We previously reported in guinea pig tracheal smooth muscle that maximal shortening velocity decreases from 3 weeks of age to adulthood. It is not known whether myosin light chain kinase (MLCK), a key enzyme determining the velocity of smooth muscle contraction, undergoes maturational changes. In the present work, we investigated MLCK protein content and mRNA expression in 1-week-old, 3-week-old, and adult guinea pigs. We extracted either proteins or RNA from isolated tracheal smooth muscle. The content of MLCK was assessed by Western immunoblots. MLCK mRNA was evaluated by Northern analysis and by quantitative real time reverse transcriptase-polymerase chain reaction (RT-PCR). The content of MLCK increased 3-fold at 3 weeks of age and then decreased in adults, being 0.116 +/- 0.042, 0.330 +/- 0.125 (P < 0.05), and 0.153 +/- 0.054 microg/mg of total protein, respectively, in 1-week, 3-week, and adult animals. Quantitative RT-PCR revealed that MLCK mRNA increased with age to 135 +/- 35% and 177 +/- 23% (P < 0.01) in 3-week and adult animals, respectively, compared to 1-week animals. The transient increase of MLCK content in juvenile guinea pig tracheal smooth muscle may contribute to the increased shortening velocity at this age. We suggest that this increased content of MLCK is one of the mechanisms leading to maturation of airway smooth muscle contractility, which in turn contributes to the airway hyperresponsiveness reported in children and young animals.
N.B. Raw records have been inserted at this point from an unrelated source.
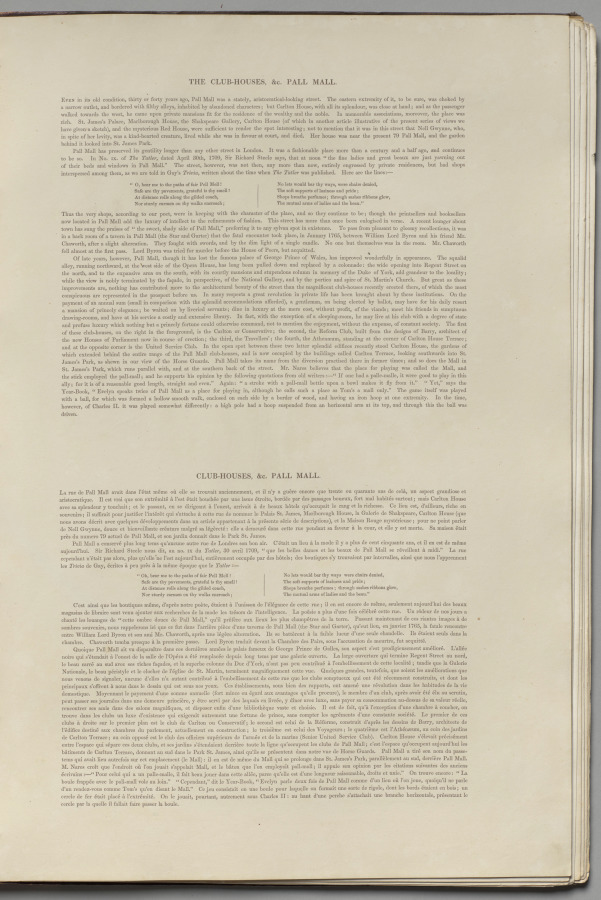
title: London As It Is: The Club-Houses, Pall Mall
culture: England, 19th century
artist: Thomas Shotter Boys (British, 1803–1874)
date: 1842
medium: lithograph
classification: Bound Volume
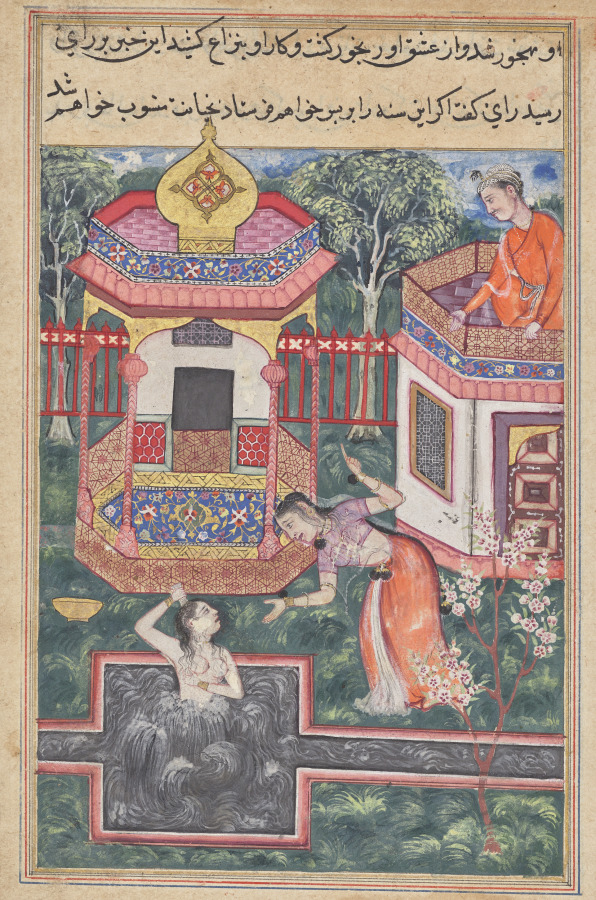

Ovalbumin sensitization of guinea pig at birth prevents the ontogenetic decrease in airway smooth muscle responsiveness.

Airway smooth muscle (ASM) displays a hyperresponsive phenotype at young age and becomes less responsive in adulthood. We hypothesized that allergic sensitization, which causes ASM hyperresponsiveness and typically occurs early in life, prevents the ontogenetic loss of the ASM hyperresponsive phenotype. We therefore studied whether neonatal allergic sensitization, not followed by later allergen challenges, alters the ontogenesis of ASM properties. We neonatally sensitized guinea pigs to ovalbumin and studied them at 1 week, 3 weeks, and 3 months (adult). A Schultz-Dale response in isolated tracheal rings confirmed sensitization. The occurrence of inflammation was evaluated in the blood and in the submucosa of large airways. We assessed ASM function in tracheal strips as ability to produce force and shortening. ASM content of vimentin was also studied. A Schultz-Dale response was observed in all 3-week or older sensitized animals. A mild inflammatory process was characterized by eosinophilia in the blood and in the airway submucosa. Early life sensitization had no effect on ASM force generation, but prevented the ontogenetic decline of shortening velocity and the increase in resistance to shortening. Vimentin increased with age in control but not in sensitized animals. Allergic sensitization at birth without subsequent allergen exposures is sufficient to prevent normal ASM ontogenesis, inducing persistence to adulthood of an ASM hyperresponsive phenotype.